[Assignment]:
In the records below, the line with "Answer: London Which" opens the range and the line with "Answer: 2023-07-20 What" closes it; print that range exactly and nothing else.

-- Records to process follows --

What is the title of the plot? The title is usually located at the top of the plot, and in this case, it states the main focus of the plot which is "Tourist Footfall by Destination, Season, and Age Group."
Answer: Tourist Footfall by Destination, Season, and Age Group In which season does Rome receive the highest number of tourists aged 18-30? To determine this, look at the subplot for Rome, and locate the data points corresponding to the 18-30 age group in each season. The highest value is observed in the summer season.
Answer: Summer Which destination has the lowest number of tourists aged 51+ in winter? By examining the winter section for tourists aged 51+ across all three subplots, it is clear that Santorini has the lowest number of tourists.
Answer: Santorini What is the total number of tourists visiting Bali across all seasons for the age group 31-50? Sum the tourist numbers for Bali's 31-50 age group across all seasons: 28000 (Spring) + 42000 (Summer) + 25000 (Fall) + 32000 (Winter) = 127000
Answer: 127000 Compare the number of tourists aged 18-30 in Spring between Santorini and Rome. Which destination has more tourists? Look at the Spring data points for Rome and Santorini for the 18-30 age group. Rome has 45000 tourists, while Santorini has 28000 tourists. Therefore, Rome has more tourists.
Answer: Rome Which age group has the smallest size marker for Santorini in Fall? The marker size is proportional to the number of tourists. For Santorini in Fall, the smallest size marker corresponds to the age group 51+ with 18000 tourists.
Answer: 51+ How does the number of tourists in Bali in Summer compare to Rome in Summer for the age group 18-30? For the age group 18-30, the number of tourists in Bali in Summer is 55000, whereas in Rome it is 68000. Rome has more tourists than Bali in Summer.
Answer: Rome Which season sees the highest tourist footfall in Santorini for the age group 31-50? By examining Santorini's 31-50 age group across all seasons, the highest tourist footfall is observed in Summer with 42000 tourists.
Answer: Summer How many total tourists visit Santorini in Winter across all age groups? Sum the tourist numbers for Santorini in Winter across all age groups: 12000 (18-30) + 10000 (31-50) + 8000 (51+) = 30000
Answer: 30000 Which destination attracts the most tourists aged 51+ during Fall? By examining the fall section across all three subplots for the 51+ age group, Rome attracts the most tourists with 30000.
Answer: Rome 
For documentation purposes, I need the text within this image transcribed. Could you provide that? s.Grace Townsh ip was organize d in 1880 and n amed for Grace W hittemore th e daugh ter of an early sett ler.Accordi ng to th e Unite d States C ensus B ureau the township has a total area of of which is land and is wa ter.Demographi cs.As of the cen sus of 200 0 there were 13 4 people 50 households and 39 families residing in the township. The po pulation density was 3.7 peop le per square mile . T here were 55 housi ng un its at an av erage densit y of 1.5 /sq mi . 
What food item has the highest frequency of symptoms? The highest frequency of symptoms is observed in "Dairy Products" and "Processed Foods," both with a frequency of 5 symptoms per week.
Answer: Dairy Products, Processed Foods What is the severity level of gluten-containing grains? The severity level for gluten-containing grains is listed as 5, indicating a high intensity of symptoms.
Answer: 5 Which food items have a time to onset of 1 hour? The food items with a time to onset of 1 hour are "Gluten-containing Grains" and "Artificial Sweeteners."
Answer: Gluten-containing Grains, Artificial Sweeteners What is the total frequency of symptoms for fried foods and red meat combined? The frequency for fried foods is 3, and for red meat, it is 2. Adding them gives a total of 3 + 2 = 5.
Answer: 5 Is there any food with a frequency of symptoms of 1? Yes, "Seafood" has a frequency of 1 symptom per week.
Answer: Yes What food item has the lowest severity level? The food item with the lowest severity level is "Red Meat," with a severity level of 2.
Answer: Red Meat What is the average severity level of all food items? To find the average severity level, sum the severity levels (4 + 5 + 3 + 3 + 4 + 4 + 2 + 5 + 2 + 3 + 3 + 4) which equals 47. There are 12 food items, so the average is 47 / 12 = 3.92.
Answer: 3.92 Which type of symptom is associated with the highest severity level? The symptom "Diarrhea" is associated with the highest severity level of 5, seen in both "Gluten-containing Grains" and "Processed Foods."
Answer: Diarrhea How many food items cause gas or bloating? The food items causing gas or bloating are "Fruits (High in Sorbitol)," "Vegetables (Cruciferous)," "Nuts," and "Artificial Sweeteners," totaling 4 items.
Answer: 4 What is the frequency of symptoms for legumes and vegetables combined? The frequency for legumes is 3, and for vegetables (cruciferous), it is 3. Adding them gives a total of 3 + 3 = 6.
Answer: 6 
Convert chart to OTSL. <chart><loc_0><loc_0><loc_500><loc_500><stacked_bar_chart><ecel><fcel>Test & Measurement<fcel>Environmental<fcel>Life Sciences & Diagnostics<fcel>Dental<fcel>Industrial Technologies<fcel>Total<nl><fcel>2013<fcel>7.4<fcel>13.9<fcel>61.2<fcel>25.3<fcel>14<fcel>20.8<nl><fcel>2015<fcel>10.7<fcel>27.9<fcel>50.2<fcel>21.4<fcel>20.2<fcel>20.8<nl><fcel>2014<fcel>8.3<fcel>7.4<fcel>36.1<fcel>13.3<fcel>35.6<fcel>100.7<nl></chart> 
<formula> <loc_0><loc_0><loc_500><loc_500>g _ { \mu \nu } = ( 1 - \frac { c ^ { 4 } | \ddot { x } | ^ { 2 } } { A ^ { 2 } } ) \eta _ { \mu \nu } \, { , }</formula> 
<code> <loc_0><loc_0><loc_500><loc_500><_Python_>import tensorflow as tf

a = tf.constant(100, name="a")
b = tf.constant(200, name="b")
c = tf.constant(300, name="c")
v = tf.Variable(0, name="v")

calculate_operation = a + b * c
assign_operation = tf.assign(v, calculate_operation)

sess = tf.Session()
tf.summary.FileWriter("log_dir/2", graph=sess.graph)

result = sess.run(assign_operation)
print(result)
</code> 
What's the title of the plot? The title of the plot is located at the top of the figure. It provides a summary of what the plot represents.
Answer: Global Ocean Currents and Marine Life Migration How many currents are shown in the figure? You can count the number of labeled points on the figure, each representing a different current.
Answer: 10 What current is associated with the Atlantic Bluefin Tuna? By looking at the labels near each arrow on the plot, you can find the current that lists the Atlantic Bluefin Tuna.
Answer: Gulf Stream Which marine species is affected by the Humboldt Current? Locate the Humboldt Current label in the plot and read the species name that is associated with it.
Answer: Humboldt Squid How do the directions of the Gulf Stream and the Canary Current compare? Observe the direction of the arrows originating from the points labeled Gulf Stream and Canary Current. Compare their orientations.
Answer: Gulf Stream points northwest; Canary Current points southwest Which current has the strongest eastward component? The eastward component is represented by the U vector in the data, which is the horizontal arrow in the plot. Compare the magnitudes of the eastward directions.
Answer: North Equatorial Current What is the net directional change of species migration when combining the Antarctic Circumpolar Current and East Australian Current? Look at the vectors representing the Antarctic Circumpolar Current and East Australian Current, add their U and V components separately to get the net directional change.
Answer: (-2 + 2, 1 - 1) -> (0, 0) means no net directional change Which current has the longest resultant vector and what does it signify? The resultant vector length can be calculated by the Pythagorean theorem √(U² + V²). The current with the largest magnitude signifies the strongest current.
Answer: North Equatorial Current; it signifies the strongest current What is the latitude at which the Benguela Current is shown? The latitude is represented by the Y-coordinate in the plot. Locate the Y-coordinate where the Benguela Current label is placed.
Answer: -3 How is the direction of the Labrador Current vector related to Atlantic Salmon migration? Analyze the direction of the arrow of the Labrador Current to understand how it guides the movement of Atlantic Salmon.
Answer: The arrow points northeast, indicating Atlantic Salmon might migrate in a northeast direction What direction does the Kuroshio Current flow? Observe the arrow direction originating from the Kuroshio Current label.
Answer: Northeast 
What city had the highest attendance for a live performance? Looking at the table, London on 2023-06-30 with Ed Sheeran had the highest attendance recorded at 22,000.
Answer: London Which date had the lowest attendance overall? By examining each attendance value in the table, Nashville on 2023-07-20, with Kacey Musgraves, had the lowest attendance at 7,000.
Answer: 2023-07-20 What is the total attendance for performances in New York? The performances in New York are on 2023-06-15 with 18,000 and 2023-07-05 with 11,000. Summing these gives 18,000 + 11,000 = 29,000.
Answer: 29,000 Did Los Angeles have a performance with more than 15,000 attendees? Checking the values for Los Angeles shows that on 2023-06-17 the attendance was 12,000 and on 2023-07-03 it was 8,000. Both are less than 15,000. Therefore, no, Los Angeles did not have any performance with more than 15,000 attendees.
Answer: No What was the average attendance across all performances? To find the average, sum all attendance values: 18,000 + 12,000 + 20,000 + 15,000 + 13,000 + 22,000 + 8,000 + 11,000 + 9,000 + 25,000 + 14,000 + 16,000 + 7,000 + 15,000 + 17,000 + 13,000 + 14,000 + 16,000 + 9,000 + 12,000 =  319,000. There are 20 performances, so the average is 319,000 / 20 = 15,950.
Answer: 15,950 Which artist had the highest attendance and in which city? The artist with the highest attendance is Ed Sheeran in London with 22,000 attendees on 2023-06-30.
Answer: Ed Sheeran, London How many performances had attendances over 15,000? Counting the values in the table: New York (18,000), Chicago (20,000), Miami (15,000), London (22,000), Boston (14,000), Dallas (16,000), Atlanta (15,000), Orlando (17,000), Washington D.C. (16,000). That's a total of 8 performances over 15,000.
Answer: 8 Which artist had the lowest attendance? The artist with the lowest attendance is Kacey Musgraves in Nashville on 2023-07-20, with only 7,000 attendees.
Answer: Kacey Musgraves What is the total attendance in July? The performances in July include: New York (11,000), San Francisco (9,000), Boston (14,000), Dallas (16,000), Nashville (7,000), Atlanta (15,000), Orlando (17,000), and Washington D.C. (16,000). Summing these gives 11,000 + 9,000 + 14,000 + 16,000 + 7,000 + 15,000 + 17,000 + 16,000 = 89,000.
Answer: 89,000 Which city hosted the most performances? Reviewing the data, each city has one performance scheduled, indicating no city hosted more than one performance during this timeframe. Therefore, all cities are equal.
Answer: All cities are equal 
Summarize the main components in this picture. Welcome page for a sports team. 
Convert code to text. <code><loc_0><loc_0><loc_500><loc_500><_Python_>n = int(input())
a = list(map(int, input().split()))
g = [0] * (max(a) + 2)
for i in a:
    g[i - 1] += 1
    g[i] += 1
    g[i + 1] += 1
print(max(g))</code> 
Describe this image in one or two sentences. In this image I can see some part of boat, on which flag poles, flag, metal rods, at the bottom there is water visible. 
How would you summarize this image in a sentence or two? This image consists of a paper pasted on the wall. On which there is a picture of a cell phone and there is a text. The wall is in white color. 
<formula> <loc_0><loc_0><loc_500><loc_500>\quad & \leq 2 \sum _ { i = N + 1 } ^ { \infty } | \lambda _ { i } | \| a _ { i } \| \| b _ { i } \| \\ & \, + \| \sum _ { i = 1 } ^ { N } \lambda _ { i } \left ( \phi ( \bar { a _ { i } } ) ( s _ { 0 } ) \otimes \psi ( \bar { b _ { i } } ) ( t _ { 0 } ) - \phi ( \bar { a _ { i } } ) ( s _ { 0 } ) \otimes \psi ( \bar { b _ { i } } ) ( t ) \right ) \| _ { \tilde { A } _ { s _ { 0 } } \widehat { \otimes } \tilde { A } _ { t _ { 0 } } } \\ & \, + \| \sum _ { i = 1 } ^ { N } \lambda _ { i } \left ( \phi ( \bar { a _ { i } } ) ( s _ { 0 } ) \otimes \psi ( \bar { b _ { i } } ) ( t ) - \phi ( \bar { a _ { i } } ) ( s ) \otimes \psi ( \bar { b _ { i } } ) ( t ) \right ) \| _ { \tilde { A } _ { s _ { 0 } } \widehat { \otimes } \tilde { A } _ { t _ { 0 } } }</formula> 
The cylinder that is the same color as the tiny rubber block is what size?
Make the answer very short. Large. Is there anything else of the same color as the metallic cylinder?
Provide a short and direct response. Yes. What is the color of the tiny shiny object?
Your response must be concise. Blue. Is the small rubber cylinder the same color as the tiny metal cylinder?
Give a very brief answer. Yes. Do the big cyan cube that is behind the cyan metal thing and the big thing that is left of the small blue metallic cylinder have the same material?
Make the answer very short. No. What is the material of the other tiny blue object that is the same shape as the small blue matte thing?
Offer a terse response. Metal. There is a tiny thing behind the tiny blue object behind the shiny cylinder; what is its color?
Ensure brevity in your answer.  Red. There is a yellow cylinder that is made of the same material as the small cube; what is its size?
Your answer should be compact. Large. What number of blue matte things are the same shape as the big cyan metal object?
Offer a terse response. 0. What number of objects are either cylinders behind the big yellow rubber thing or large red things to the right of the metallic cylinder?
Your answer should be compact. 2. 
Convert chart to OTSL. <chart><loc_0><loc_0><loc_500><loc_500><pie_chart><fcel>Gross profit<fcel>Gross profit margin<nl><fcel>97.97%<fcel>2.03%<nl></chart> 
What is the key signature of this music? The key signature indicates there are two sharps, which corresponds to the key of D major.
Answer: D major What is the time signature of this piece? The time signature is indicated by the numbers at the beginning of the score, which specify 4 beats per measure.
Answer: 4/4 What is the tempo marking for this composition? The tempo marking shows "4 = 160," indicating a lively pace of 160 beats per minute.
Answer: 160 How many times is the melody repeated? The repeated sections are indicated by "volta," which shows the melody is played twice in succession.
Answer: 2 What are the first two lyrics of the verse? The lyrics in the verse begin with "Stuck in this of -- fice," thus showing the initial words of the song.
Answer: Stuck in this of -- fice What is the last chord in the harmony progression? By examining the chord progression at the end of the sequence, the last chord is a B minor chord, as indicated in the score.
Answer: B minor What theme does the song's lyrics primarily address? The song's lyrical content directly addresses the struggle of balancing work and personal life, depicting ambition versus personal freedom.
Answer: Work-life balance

-- Records to process concluded --

[Your response]:
Answer: London Which date had the lowest attendance overall? By examining each attendance value in the table, Nashville on 2023-07-20, with Kacey Musgraves, had the lowest attendance at 7,000.
Answer: 2023-07-20 What is the total attendance for performances in New York? The performances in New York are on 2023-06-15 with 18,000 and 2023-07-05 with 11,000. Summing these gives 18,000 + 11,000 = 29,000.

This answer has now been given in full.